Conformation and Bonding of Lanthanide(III) Trihalides LnX3 (Ln = La-Lu; X = F, Cl, Br): A Relativistic Local Vibrational Mode Study

This study employed relativistic methods to investigate the connection between the conformation and bonding properties of 45 lanthanide trihalides LnX(3) (Ln: La-Lu; X:F, Cl, Br). Our findings reveal several insights. The proper symmetry exhibited by open-shell LnX(3) requires the inclusion of spin-orbit coupling, achieved with 2-component relativistic Hamiltonians. Fluorines (LnF(3)) primarily exhibit pyramidal structures, while chlorides and bromides tend to yield planar conformations. For a given halide, the strength of Ln-X bonds increases across the lanthanide series, another outcome of the lanthanide contraction.

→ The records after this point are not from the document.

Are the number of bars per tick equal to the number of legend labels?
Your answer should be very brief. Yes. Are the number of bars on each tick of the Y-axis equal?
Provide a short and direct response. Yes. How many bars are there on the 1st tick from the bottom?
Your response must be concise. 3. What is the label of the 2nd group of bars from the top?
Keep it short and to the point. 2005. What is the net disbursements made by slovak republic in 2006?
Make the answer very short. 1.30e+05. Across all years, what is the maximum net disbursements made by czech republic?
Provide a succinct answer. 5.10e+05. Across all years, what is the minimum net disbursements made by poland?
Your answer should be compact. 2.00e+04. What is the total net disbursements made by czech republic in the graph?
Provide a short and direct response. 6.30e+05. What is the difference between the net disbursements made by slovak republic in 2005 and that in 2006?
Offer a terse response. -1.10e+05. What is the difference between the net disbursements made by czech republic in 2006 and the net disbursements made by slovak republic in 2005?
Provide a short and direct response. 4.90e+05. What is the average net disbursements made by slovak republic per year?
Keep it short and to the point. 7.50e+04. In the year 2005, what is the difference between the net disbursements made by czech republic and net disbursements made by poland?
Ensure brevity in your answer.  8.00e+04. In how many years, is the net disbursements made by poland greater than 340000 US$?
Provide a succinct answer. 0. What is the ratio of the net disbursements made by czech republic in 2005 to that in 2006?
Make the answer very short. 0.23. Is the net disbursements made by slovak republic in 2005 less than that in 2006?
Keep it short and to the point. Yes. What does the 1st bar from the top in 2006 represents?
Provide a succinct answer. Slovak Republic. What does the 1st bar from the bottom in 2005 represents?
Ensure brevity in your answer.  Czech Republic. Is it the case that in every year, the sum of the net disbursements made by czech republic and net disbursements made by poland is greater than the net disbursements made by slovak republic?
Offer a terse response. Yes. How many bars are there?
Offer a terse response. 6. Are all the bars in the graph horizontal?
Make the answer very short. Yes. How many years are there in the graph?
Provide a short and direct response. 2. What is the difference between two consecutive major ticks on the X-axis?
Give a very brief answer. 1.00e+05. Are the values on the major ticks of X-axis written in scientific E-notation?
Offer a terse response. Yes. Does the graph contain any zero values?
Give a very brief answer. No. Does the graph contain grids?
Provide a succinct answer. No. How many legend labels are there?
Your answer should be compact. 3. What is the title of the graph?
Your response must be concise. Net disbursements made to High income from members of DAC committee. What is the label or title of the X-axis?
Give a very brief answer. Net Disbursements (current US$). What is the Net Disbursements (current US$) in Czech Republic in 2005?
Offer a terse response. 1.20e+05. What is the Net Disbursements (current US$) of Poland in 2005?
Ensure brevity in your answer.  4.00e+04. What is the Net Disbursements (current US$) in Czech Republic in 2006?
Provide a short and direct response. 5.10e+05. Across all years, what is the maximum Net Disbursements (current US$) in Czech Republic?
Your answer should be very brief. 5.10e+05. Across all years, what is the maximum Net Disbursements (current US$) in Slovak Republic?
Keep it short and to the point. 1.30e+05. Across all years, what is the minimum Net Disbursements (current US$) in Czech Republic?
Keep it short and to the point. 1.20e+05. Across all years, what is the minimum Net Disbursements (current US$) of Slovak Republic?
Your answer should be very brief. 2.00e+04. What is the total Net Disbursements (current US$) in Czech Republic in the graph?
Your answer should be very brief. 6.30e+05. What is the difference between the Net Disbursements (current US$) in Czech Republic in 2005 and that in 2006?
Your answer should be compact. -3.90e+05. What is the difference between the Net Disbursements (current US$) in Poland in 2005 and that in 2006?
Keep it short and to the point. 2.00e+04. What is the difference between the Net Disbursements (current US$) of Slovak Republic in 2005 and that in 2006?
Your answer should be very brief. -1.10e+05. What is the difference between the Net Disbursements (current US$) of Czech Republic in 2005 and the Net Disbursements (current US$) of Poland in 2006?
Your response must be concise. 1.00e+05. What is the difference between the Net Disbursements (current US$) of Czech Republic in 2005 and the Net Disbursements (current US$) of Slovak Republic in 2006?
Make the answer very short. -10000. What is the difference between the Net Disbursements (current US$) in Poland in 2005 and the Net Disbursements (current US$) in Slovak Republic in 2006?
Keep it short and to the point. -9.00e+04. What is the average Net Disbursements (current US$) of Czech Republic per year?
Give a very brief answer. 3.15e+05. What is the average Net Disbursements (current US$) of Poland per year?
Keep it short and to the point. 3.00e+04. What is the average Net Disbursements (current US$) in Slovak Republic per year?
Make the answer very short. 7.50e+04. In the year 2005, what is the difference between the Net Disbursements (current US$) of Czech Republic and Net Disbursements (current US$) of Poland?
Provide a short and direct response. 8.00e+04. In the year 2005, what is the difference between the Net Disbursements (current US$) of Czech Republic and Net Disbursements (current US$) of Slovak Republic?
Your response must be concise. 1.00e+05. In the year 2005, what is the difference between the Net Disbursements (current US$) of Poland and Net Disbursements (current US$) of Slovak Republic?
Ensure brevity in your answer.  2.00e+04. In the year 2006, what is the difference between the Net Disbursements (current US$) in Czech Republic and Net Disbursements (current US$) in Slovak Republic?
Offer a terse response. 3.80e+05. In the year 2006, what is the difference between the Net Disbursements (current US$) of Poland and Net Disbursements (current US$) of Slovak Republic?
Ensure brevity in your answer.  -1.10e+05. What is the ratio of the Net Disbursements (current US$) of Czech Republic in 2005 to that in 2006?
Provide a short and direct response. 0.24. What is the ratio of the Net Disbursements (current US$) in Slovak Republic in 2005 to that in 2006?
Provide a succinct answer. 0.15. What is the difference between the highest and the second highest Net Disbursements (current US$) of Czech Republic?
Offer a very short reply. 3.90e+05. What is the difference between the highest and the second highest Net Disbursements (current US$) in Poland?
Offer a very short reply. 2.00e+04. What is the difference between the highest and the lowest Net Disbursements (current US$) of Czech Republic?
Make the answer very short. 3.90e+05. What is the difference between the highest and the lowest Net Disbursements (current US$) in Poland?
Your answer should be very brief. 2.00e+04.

Both strength and covalency of Ln-X bonds decrease upon the halide, i.e., LnF(3) > LnCl(3) > LnBr(3). We introduced a novel parameter, the local force constant associated with the dihedral beta(X-Ln-X-X), k(a)(beta), which quantifies the resistance of these molecules to conformational changes. We observed a correlation between k(a)(beta) and the covalency of the Ln-X bond, with higher k(a)(beta) values indicating a stronger covalent character. Finally, the degree of pyramidalization in the LnX(3) structures is connected to (i) the extent of charge donation within the molecule and (ii) the greater covalency of the Ln-X bond. These findings provide valuable insights into the interplay between the electronic structure and molecular geometry in LnX(3).